NOTE: You may be wondering about SELinux contexts since httpd is not installed. Fear not, our playbooks will handle that during the installation phase.

$ sudo mkdir -p /var/www/html
$ sudo curl -o /var/www/html/rhcos-4.4.3-x86_64-metal.x86_64.raw.gz https://mirror.openshift.com/pub/openshift-v4/dependencies/rhcos/latest/latest/rhcos-4.4.3-x86_64-metal.x86_64.raw.gz

Ignition files generated in the previous step will be copied to web server automatically as part of httpd role. If you intend to skip that role, copy bootstrap.ign, master.ign and worker.ign from your working directory to /var/www/html on your web server manually now.

Generating Boot ISOs

We will use a bootable ISO to install RHCOS on our virtual machines. We need to pass several parameters to the kernel (see below). This can be cumbersome, so to speed things along we will generate a single boot ISO that can be used for bootstrap, master and worker nodes. During the installation, a playbook will install the PHP script on your web server. This script will serve up the appropriate ignition config based on the requesting servers DNS name.

Kernel Parameters

Note these parameters are for reference only. Specify the appropriate values for your environment in util/iso-generator.sh and run the script to generate an ISO specific to your environment.

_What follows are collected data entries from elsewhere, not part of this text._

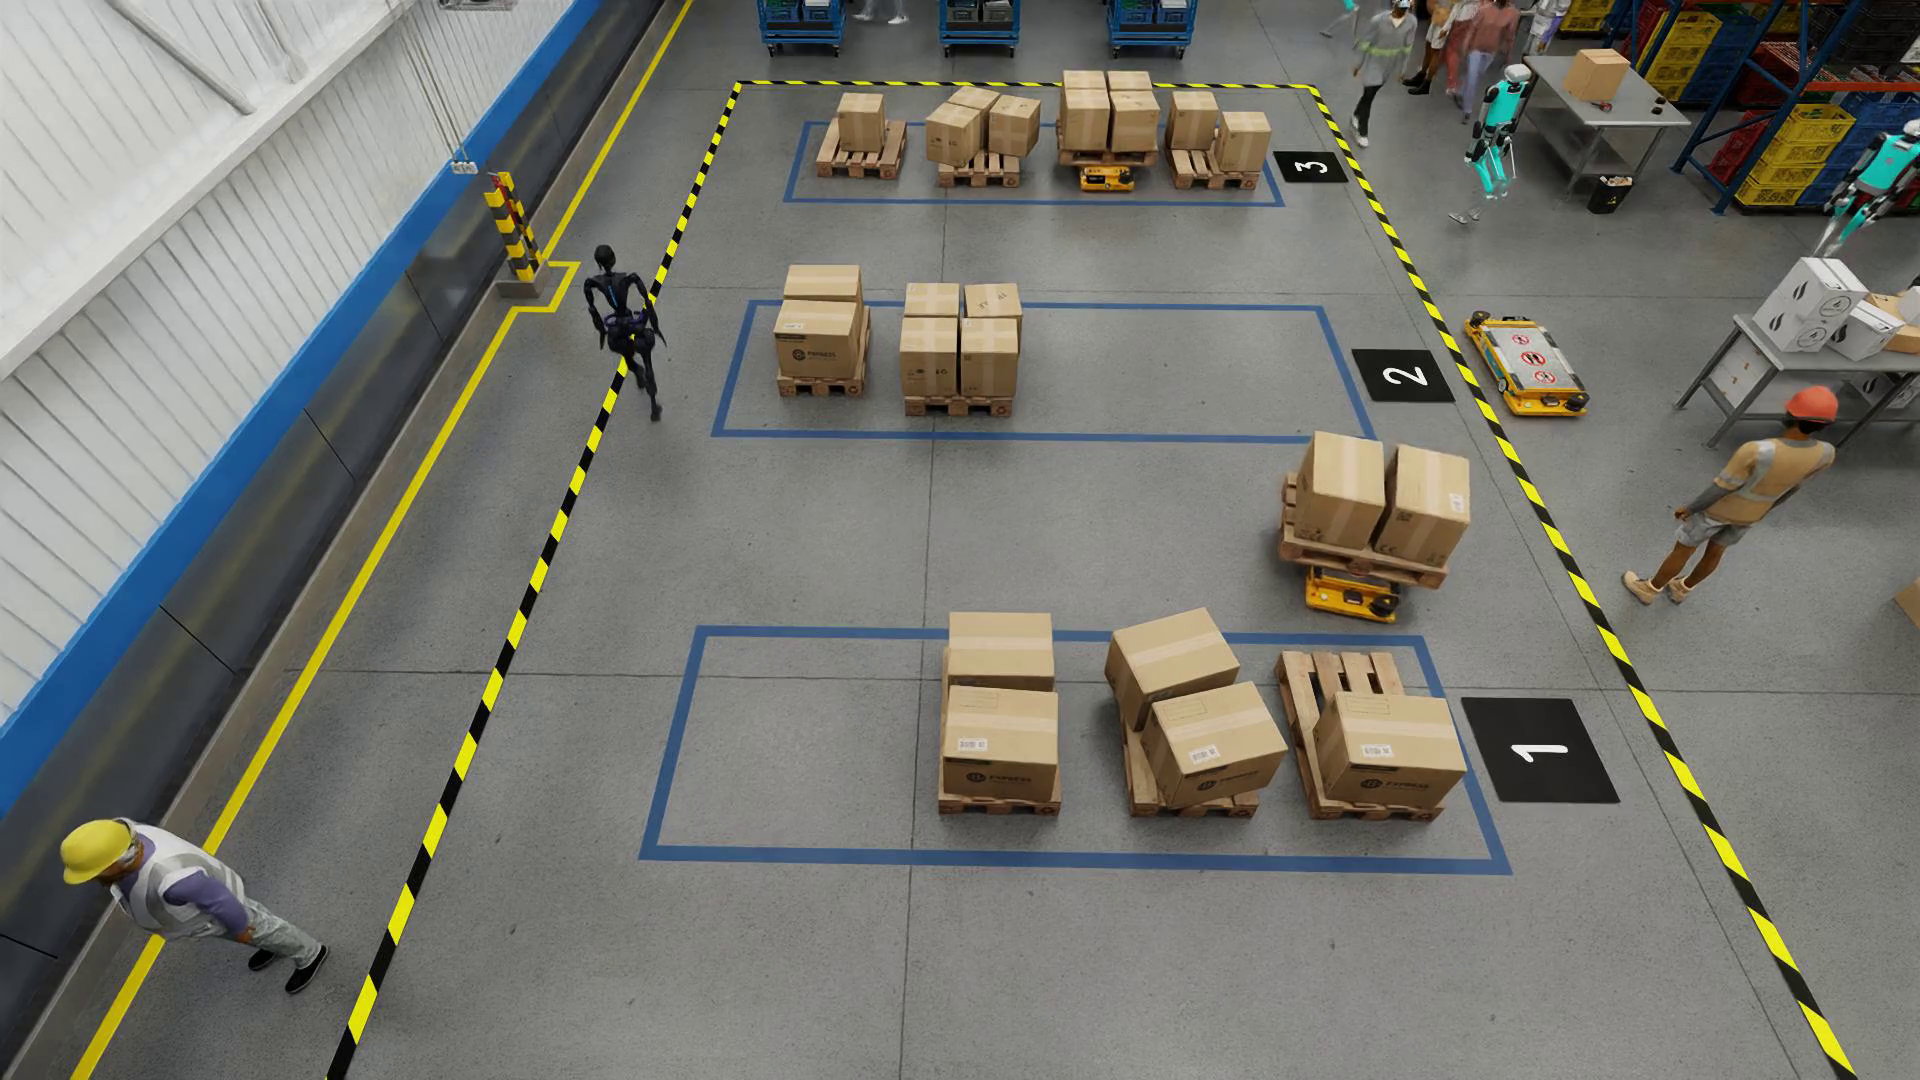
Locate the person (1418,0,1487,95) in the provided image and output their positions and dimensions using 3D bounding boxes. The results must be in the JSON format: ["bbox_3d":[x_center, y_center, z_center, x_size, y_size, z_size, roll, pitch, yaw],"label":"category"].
[{"bbox_3d":[7.000,-7.276,12.788,0.655,1.853,0.983,-9,50,-8],"label":"person"}]

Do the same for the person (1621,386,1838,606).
[{"bbox_3d":[5.530,-0.257,6.590,0.605,2.033,0.389,1,49,1],"label":"person"}]

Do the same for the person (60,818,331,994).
[{"bbox_3d":[-3.995,1.927,4.831,0.599,1.829,0.404,21,52,17],"label":"person"}]

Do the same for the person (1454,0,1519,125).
[{"bbox_3d":[7.024,-6.575,12.265,0.621,1.722,0.719,7,50,6],"label":"person"}]

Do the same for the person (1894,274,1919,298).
[{"bbox_3d":[10.343,-3.157,9.234,0.331,1.836,0.505,-23,53,-19],"label":"person"}]

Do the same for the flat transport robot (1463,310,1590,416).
[{"bbox_3d":[5.573,-1.757,9.054,0.659,0.231,1.431,1,49,1],"label":"flat transport robot"}]

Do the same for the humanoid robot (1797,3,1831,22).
[{"bbox_3d":[13.221,-8.455,13.924,0.588,1.638,0.556,11,50,9],"label":"humanoid robot"}]

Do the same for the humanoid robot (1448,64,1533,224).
[{"bbox_3d":[5.999,-4.303,10.196,0.533,1.681,0.735,-11,50,-10],"label":"humanoid robot"}]

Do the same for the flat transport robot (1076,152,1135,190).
[{"bbox_3d":[1.845,-4.960,11.808,0.652,0.197,1.431,1,49,1],"label":"flat transport robot"}]

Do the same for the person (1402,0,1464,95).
[{"bbox_3d":[6.635,-7.202,12.664,0.373,1.934,0.550,2,49,2],"label":"person"}]

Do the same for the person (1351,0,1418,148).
[{"bbox_3d":[5.435,-6.106,11.803,0.609,1.797,0.961,0,49,0],"label":"person"}]

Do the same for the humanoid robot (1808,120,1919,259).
[{"bbox_3d":[9.527,-3.547,9.670,0.757,1.843,0.550,-27,54,-21],"label":"humanoid robot"}]

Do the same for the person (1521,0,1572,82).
[{"bbox_3d":[7.773,-6.841,12.286,0.390,2.038,0.604,6,49,5],"label":"person"}]

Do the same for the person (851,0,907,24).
[{"bbox_3d":[-1.308,-9.046,14.342,0.948,1.816,0.497,-11,50,-9],"label":"person"}]

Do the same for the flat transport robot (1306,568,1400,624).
[{"bbox_3d":[3.212,0.008,7.508,0.652,0.197,1.431,12,50,10],"label":"flat transport robot"}]

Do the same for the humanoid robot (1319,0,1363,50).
[{"bbox_3d":[6.014,-8.433,13.871,0.558,1.776,0.963,-31,56,-24],"label":"humanoid robot"}]

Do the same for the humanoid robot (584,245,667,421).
[{"bbox_3d":[-2.993,-1.908,8.280,0.586,1.621,0.777,-8,50,-7],"label":"humanoid robot"}]

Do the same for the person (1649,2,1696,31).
[{"bbox_3d":[10.147,-7.493,13.043,0.486,1.744,0.294,3,49,3],"label":"person"}]

Obtaining RHCOS Install ISO

Next we need the RHCOS ISO installer (stored here). Download the ISO file as shown. Be sure to check the directory for the latest version.

$ curl -o /tmp/rhcos-4.4.3-x86_64-installer.x86_64.iso https://mirror.openshift.com/pub/openshift-v4/dependencies/rhcos/4.4/latest/rhcos-4.4.3-x86_64-installer.x86_64.iso

Modifying the ISO

A script is provided to recreate an ISO that will automatically boot with the appropriate kernel parameters. Locate the script and modify the variables at the top to suite your environment.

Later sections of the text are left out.